╭─ DATA FOR REVIEW

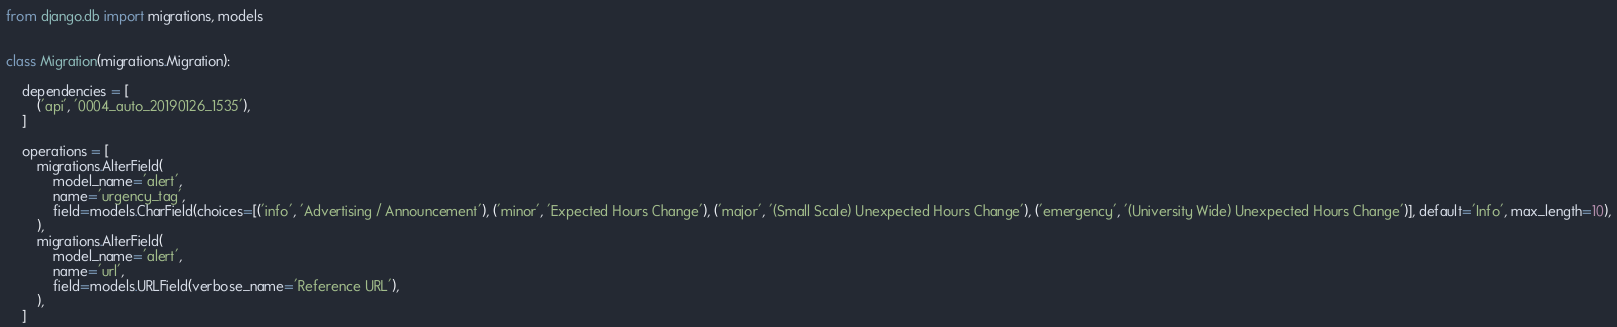Convert code to text. <code><loc_0><loc_0><loc_500><loc_500><_Python_>
from django.db import migrations, models


class Migration(migrations.Migration):

    dependencies = [
        ('api', '0004_auto_20190126_1535'),
    ]

    operations = [
        migrations.AlterField(
            model_name='alert',
            name='urgency_tag',
            field=models.CharField(choices=[('info', 'Advertising / Announcement'), ('minor', 'Expected Hours Change'), ('major', '(Small Scale) Unexpected Hours Change'), ('emergency', '(University Wide) Unexpected Hours Change')], default='Info', max_length=10),
        ),
        migrations.AlterField(
            model_name='alert',
            name='url',
            field=models.URLField(verbose_name='Reference URL'),
        ),
    ]
</code>

╰─

> _INSTRUCTIONS FOR THE TASK_
Look through the lines above and collect those with the word "models".

> _WRITTEN REPLY_
from django.db import migrations, models
            field=models.CharField(choices=[('info', 'Advertising / Announcement'), ('minor', 'Expected Hours Change'), ('major', '(Small Scale) Unexpected Hours Change'), ('emergency', '(University Wide) Unexpected Hours Change')], default='Info', max_length=10),
            field=models.URLField(verbose_name='Reference URL'),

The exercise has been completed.